Шафиров не преминул заметить, что сегодня пьют они нечто совершенно особенное: именно эта, крайне ограниченная, партия знаменитого коньячного дома получила золотую медаль Миллениума на всемирном конкурсе в Сан-Франциско[141].
И, как прежде, накрыло выпивавших теплой волной душевного разговора: стали спрашивать Застрахова, о каком это празднике нашептывают жители дома, и не задумал ли он чего-нибудь втайне?
А когда выслушали, прокряхтел Муса, как бы злословя: «Ёрмунрёкк!»[142].
Шафиров же спросил, нахмурившись, не залило ли в самом деле Вольгинск тенью дальних столиц, не затмило ли глаза соседу, и что за имена произносит он поминутно – Саша, Даша и Глаша?
И Застрахов насупился, а потом отвернулся и сказал: вот уже третий август на исходе с того дня, как прогудела труба, а время почему-то не делается легковесней… И просит душа большого праздника, чтобы не гостем явиться туда, не жадным до чужого, и не тем, кто приходит от обхода земли, – но хозяином.

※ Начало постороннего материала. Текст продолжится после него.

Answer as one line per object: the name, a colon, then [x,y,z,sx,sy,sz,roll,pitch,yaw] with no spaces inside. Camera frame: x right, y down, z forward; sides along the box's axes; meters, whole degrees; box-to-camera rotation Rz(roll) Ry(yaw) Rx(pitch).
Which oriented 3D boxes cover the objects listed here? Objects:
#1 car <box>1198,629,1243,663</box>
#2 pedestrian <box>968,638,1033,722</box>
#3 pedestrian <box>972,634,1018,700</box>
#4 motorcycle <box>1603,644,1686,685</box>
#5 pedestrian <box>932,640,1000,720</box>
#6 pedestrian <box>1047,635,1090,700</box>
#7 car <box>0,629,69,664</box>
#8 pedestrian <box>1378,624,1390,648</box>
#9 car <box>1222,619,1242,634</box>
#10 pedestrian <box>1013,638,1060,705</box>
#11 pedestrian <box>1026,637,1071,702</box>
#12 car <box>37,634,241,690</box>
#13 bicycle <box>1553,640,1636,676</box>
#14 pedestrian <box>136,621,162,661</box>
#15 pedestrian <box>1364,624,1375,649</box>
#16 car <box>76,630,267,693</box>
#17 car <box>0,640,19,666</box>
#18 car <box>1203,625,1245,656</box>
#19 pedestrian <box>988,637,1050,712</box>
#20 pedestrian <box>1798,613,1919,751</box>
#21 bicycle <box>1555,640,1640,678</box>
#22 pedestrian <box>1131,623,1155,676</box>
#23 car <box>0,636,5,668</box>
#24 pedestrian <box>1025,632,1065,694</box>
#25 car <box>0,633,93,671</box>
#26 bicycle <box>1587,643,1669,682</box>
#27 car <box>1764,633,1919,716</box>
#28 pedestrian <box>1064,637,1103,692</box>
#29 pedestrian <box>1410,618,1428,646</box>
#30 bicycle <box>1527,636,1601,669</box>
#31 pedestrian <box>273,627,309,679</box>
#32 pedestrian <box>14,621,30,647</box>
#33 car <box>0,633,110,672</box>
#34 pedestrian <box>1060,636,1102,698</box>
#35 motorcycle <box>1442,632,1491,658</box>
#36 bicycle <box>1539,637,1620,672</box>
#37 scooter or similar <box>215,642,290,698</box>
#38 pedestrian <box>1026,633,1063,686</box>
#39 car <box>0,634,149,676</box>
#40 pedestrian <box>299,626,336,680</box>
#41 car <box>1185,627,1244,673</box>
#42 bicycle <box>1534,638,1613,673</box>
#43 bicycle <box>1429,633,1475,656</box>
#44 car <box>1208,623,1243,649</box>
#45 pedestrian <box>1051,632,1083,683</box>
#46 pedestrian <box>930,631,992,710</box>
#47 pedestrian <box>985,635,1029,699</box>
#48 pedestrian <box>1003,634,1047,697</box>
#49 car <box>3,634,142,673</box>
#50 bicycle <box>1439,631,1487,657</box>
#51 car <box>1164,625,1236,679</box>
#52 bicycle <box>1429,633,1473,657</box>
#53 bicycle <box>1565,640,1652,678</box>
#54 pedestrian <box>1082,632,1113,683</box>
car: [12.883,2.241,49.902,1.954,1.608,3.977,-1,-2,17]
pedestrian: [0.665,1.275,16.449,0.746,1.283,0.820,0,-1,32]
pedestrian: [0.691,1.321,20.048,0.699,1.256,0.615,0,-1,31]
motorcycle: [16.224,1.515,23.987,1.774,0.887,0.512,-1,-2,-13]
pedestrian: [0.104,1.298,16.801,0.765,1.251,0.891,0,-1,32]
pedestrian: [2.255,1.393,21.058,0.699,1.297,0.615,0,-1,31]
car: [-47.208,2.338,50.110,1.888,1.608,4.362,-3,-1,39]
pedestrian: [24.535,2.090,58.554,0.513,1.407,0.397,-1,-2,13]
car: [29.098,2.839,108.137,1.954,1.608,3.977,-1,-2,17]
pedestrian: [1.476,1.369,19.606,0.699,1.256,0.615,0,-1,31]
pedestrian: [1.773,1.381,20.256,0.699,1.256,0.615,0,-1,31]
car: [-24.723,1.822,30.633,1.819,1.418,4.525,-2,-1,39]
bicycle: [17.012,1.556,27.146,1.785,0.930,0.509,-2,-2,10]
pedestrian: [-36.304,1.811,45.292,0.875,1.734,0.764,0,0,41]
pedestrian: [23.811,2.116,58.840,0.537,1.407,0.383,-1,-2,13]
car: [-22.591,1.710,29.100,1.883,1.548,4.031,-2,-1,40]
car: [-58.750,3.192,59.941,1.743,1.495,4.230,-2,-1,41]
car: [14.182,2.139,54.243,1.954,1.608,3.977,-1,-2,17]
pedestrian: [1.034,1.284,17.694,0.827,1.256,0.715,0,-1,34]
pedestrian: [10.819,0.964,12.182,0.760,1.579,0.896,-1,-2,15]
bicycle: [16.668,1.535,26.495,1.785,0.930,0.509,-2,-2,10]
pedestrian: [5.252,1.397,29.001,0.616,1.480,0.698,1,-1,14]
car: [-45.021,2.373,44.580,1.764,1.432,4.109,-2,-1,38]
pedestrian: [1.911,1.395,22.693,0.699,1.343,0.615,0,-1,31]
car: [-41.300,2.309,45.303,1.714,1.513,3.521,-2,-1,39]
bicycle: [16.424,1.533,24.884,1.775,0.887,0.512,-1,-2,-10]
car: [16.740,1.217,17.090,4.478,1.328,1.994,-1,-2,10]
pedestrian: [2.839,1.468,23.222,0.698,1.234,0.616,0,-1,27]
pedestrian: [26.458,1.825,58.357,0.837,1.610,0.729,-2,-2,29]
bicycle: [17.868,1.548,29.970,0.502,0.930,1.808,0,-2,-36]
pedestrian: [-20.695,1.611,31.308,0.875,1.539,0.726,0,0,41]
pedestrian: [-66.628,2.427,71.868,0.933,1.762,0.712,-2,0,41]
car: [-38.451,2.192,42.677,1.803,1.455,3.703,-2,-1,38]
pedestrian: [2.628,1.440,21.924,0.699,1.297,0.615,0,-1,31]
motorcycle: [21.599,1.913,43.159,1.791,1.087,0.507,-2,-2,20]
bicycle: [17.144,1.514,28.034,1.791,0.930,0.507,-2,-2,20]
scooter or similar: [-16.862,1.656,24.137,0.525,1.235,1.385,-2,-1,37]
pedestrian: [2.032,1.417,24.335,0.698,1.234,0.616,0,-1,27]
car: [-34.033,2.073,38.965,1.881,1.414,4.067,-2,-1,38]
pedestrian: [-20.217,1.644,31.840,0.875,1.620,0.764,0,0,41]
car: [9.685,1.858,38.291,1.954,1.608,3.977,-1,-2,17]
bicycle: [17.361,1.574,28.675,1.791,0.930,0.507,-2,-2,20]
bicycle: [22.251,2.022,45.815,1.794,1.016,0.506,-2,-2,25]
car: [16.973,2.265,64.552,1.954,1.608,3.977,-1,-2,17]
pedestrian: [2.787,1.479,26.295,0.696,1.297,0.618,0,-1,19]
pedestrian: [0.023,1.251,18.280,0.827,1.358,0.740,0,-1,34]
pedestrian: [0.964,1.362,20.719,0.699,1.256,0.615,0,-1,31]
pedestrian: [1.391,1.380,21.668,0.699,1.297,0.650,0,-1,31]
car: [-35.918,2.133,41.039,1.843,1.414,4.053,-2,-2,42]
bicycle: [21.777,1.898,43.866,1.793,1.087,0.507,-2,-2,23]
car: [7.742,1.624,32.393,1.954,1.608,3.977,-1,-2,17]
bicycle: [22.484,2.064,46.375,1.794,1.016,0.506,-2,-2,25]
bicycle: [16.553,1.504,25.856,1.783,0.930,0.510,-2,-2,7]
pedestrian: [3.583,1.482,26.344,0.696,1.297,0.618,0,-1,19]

Вот, говорил он, приближается по осени День Города, но Вольгинск останется Вольгинском: растечется праздник по руслам его, и соберутся горожане на площадях толкаться локтями и толковать без толку, и станут толпиться и роптать, и будет только голенастая пьянка, и недоумение, и цветастая горячка с опозданием.